Monsters Inc.

British authorities have ruled that research using animal eggs to create human stem cells could go forward in principle.

LONDON — Even the “yuck factor” wasn’t enough to prevent British authorities from authorizing a new form of morally problematic cloning research.

It was a decision that drew international condemnation from pro-life advocates.

The U.K.’s Human Fertilization and Embryology Authority (HFEA) granted approval in principle Sept. 5 to the creation of human-animal hybrid embryos.

They are called chimeras, and they are created using unfertilized eggs obtained from cows and other animals.

The Vatican immediately denounced the move.
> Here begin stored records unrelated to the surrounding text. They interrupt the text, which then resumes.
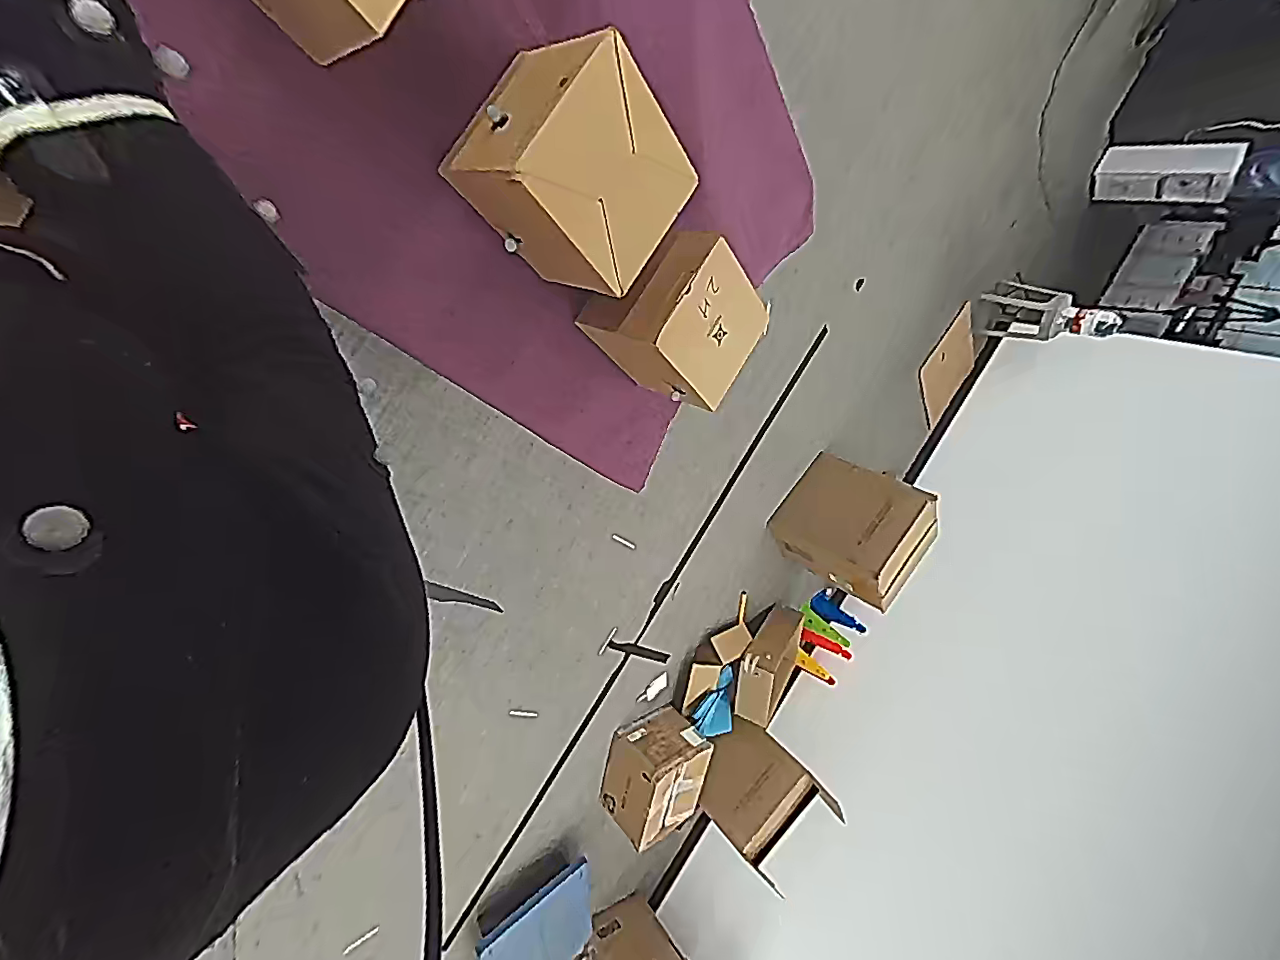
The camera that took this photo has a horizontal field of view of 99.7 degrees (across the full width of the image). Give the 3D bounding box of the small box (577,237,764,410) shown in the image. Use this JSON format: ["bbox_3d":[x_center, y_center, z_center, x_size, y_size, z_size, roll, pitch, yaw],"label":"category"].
[{"bbox_3d":[0.045,-0.231,0.787,0.179,0.176,0.168,37,82,-49],"label":"small box"}]

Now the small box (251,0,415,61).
[{"bbox_3d":[-0.236,-0.451,0.389,0.179,0.176,0.168,-57,139,-3],"label":"small box"}]
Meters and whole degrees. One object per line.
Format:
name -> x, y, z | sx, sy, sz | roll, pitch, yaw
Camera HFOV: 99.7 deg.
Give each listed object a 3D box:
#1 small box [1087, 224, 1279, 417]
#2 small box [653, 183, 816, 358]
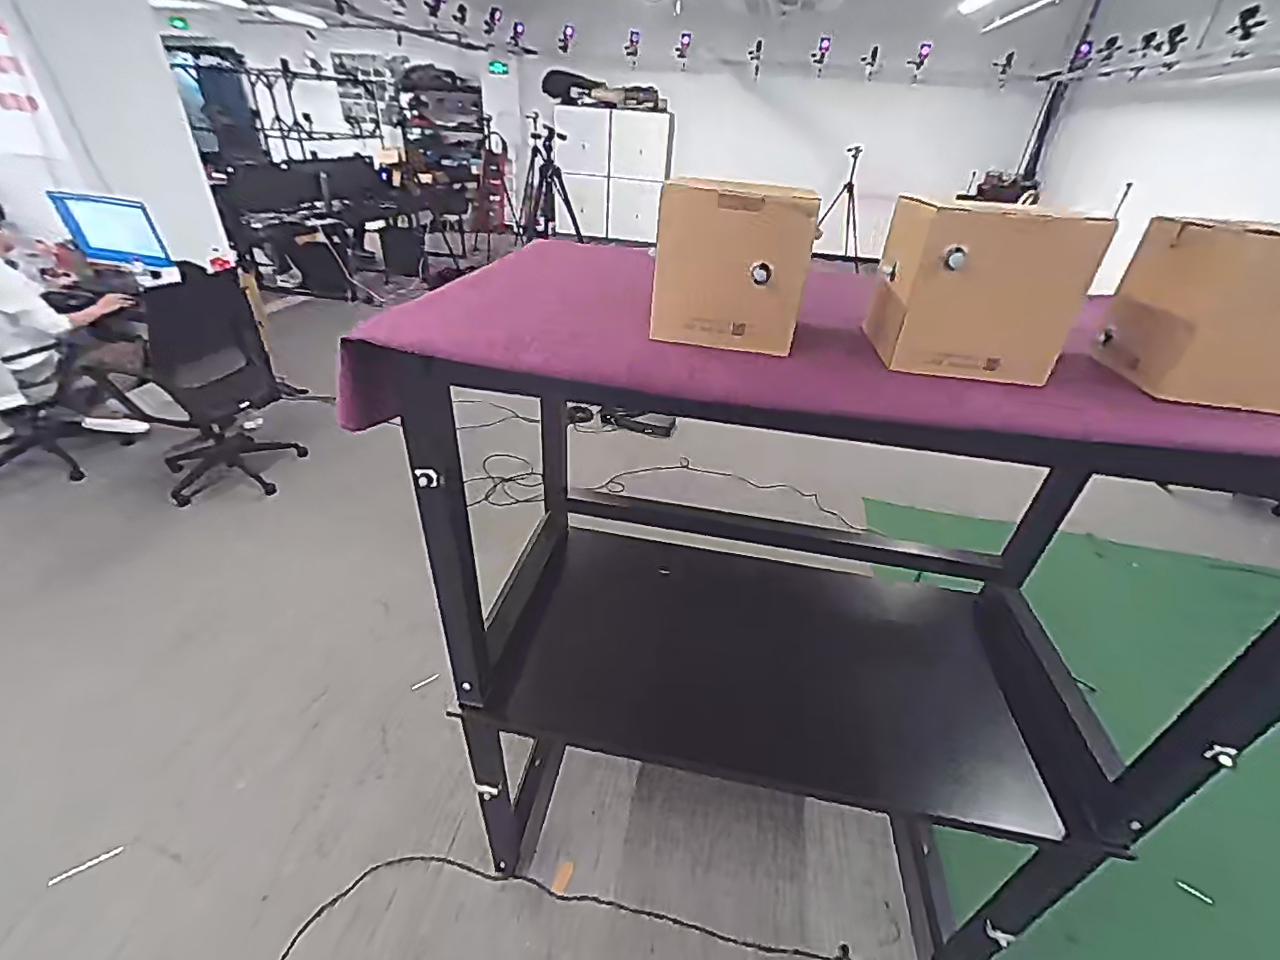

Bishop Elio Sgreccia, president of the Pontifical Academy for Life, said Sept. 6 that the decision is “a monstrous act against human dignity.”

“The British government has given in to the requests of a group of scientists absolutely against morality,” Bishop Sgreccia told the Italian daily newspaper Corriere della Sera.

The Human Fertilization and Embryology Authority’s decision applies to research using the same technique of “somatic nuclear cell transfer” that is utilized to create human clones using human eggs obtained from women.

In both cases, scientists remove the nucleus of an unfertilized egg and replace it with the nuclear material obtained from a human cell, such as a skin cell. The egg is then stimulated electrically to begin dividing and developing into an embryo.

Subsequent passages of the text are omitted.